Non direttamente sul vetro trasparente: un laser a diodo blu (450 nm) lo attraversa e non lascia segno. Puoi aggirare il problema rivestendo prima il vetro con tempera, vernice spray nero opaco o nastro di mascheratura; il laser brucia il rivestimento e incide il vetro sottostante. I risultati sono accettabili su vetro piano e bottiglie scure, ma un laser CO₂ o UV è lo strumento adatto per il vetro.
Perché il mio vetro inciso al laser si scheggia e diventa ruvido?
La scheggiatura indica troppo calore su un singolo punto. Abbassa la potenza, aumenta la velocità e riduci la risoluzione a 200–300 DPI così che gli impulsi non si sovrappongano. Soprattutto, copri l'area con carta assorbente umida e incidi attraverso: l'umidità disperde il calore e produce una satinatura liscia e uniforme invece di una sfaldata.
Quali sono le migliori impostazioni di potenza e velocità per incidere il vetro?
Parti basso: su un laser CO₂ da 40–60 W, prova 15–25% di potenza, 300–400 mm/s e 200–300 DPI. Il vetro varia molto, quindi incidi sempre prima una piccola griglia di test (potenza vs velocità) su uno scarto o sul fondo del pezzo e scegli il risultato più pulito. La regola è sempre: bassa potenza, alta velocità.
Serve un asse rotativo per incidere bicchieri e calici?
Sì, per tutto ciò che è tondo. Un rotativo fa ruotare il vetro sotto il laser così che il fascio resti a fuoco su una superficie curva, permettendo di avvolgere disegni attorno a bicchieri, calici e bottiglie. Senza, resta a fuoco solo una stretta striscia piatta. Usa un rotativo a mandrino per i calici e uno a rulli per i bicchieri a parete dritta.
Il trucco della carta umida funziona davvero per l'incisione su vetro?

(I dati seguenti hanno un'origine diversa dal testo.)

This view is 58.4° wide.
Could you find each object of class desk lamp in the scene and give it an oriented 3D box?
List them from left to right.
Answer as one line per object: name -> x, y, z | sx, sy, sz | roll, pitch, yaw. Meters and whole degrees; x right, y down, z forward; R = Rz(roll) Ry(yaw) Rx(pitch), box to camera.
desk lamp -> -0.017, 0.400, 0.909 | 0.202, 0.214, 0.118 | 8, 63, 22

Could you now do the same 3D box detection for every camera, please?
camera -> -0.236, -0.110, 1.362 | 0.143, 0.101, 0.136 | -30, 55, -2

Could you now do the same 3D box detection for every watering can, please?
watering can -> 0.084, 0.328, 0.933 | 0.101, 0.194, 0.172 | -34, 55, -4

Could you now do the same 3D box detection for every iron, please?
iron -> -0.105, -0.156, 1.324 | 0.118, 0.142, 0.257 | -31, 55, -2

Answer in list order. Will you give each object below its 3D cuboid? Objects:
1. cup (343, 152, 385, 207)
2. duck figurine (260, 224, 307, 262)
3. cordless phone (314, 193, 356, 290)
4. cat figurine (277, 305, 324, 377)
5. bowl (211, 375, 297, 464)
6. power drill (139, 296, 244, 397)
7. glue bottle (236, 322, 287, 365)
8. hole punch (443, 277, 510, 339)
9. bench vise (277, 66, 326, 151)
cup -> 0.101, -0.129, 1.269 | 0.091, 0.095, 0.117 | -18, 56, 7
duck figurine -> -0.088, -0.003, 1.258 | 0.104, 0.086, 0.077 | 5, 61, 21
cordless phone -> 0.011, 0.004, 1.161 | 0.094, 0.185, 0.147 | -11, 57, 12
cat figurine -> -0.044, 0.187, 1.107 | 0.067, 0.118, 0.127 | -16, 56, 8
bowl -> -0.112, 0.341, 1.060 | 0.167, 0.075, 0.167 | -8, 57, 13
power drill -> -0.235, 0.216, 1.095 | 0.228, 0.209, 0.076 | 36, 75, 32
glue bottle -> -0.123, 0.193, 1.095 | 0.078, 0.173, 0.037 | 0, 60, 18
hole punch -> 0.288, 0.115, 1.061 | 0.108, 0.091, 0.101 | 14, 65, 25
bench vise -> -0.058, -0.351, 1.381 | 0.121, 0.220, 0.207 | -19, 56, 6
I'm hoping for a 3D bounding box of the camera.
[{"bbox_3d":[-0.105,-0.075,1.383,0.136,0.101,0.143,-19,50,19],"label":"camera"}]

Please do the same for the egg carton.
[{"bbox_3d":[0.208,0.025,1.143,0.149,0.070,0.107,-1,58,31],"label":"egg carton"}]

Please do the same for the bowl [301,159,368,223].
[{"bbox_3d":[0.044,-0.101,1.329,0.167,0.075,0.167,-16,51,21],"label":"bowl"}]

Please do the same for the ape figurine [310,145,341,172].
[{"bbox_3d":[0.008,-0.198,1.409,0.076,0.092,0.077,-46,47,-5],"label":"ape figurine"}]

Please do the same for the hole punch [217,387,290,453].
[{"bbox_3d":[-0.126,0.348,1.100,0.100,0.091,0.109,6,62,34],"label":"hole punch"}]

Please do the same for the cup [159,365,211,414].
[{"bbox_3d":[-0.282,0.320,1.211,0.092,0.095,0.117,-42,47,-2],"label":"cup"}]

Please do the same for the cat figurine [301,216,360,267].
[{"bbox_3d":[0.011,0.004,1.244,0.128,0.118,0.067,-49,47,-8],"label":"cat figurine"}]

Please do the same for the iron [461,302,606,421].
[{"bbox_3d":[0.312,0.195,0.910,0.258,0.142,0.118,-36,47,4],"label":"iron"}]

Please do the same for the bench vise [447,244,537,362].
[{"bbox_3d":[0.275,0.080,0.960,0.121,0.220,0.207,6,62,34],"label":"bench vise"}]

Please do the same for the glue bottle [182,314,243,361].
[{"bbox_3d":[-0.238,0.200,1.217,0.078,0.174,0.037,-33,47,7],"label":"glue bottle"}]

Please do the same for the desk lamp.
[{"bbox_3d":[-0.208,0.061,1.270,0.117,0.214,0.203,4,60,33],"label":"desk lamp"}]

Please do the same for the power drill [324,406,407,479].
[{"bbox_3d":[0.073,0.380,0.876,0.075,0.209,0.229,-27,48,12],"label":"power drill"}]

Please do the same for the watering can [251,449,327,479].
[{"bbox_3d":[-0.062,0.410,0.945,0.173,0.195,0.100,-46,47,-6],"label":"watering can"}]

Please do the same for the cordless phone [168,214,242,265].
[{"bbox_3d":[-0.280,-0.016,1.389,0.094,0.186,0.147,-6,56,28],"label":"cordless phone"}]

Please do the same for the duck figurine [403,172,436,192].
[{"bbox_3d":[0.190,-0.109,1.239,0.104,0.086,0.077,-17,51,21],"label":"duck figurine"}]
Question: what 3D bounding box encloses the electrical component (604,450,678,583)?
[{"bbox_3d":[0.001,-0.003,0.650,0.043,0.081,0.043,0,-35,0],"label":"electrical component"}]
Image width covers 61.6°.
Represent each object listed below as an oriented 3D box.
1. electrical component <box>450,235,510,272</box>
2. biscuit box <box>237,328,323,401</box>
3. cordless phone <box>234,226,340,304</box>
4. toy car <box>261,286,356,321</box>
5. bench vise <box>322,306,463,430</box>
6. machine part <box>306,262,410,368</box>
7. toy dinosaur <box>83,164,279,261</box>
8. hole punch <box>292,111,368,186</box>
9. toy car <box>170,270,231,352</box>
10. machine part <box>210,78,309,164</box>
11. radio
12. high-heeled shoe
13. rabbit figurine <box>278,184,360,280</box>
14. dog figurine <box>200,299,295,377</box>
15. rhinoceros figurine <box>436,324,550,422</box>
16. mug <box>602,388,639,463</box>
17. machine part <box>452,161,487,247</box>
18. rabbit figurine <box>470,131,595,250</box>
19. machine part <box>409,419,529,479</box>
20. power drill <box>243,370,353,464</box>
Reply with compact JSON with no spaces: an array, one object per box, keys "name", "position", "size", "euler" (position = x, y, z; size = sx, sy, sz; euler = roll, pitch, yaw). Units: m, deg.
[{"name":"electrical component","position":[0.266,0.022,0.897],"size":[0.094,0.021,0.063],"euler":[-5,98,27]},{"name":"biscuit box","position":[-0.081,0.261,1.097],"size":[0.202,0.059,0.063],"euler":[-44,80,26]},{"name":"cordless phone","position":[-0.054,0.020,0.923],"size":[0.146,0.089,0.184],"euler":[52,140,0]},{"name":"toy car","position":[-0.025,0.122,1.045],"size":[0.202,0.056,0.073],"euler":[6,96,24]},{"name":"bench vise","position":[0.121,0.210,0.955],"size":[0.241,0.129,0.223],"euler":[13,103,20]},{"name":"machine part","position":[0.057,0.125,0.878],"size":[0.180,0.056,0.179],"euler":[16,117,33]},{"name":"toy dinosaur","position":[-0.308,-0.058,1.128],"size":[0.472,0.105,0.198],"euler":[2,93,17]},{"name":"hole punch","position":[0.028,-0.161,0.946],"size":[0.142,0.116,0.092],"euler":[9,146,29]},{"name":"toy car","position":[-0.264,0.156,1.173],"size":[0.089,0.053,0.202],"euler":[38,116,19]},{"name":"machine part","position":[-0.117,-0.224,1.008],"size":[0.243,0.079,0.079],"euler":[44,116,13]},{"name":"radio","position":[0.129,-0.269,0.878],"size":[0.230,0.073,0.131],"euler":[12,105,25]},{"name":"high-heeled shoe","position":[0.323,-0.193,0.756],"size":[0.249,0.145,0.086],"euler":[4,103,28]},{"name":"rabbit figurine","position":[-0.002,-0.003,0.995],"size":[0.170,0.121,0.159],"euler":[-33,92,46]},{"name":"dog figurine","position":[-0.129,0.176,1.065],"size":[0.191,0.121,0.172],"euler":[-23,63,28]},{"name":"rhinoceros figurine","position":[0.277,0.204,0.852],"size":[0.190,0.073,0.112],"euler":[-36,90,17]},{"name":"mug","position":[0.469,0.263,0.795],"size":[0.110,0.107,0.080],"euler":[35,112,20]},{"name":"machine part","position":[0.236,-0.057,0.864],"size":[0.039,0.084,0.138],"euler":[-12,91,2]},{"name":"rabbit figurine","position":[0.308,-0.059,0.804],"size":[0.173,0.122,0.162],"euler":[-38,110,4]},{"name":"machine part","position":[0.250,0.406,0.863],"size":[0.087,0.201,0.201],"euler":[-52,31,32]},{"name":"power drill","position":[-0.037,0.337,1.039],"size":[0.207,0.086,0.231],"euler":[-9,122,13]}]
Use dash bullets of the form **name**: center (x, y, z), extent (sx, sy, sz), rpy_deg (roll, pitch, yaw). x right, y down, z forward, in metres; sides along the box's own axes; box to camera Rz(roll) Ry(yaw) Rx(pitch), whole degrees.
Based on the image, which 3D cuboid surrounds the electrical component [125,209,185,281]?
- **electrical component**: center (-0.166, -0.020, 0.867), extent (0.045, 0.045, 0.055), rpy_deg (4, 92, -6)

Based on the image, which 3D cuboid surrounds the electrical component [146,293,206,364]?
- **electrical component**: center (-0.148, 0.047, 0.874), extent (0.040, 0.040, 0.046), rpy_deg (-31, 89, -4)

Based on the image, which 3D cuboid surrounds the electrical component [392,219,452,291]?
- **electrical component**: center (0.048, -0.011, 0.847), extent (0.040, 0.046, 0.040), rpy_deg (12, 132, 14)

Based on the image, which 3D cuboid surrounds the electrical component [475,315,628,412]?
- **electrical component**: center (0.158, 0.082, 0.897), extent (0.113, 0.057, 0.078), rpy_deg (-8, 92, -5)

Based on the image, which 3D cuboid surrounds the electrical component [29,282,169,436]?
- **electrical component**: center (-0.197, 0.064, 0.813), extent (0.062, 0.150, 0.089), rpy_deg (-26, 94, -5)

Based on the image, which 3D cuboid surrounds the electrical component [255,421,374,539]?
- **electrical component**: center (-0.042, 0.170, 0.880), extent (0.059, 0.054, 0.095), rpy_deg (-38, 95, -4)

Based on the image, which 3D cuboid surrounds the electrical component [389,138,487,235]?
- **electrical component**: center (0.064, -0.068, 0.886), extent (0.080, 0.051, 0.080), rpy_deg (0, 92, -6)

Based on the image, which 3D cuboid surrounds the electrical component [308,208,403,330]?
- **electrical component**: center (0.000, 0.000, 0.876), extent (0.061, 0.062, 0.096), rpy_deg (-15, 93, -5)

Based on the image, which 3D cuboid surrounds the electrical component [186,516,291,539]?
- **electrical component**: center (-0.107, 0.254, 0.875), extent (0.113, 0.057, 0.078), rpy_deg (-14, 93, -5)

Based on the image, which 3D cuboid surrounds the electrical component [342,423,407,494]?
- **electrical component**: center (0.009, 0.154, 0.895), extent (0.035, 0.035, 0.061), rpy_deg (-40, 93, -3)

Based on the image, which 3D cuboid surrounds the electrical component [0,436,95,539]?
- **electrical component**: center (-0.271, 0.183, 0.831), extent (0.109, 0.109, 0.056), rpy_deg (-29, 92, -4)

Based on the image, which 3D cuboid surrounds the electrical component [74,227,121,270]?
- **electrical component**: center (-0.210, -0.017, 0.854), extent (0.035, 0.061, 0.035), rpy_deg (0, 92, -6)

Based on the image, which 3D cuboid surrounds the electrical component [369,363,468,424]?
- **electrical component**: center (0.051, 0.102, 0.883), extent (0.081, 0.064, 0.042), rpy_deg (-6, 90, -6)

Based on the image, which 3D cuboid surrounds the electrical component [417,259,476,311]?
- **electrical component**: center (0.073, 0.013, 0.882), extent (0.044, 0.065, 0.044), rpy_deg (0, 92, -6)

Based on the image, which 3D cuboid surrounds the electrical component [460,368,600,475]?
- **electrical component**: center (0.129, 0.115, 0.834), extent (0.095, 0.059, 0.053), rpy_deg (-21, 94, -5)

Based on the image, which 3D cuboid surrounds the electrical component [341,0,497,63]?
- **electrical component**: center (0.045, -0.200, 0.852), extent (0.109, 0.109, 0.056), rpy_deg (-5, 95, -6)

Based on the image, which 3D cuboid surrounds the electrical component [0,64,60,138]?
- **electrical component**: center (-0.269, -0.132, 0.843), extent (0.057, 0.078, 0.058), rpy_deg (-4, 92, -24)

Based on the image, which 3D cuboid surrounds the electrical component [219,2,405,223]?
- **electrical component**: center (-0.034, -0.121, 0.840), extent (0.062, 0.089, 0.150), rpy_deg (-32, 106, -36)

Sì, è la buona pratica più efficace. Un foglio di carta assorbente o di giornale umido (non gocciolante), posato ben piatto sull'area di incisione, assorbe e disperde il calore in eccesso, così il vetro si frattura uniformemente in una satinatura bianca liscia invece di scheggiarsi. Incidi direttamente attraverso la carta umida, poi la stacchi e risciacqui. Detersivo per piatti o un sottile strato di vernice ottengono lo stesso effetto.
Si può tagliare il vetro con il laser?
No. I laser incidono la superficie del vetro ma non possono tagliarlo in modo pulito: lo shock termico lo incrina in modo imprevedibile. Per tagliare il vetro servono strumenti meccanici come una rotella tagliavetro o un getto d'acqua. I laser servono esclusivamente all'incisione e alla marcatura di superficie.
È sicuro incidere il vetro temperato?
Cautela. Il vetro temperato è in tensione interna e può incrinarsi o frantumarsi per il calore localizzato di un laser. Quando possibile scegli supporti in vetro ricotto (non temperato). Se devi incidere vetro temperato, usa la minima energia che ancora marca e metti in conto un rischio di rottura.
Come rendo più visibile un'incisione su vetro?
Riempila a colore. Maschera il vetro con nastro di trasferimento prima di incidere, incidi attraverso per creare uno stencil, poi stendi vernice acrilica o smalto nell'incavo satinato e stacca la maschera. Anche senza mascheratura, strofinare vernice bianca o dentifricio in una satinatura finita e pulire la superficie fa leggere un'incisione tenue come bianco netto.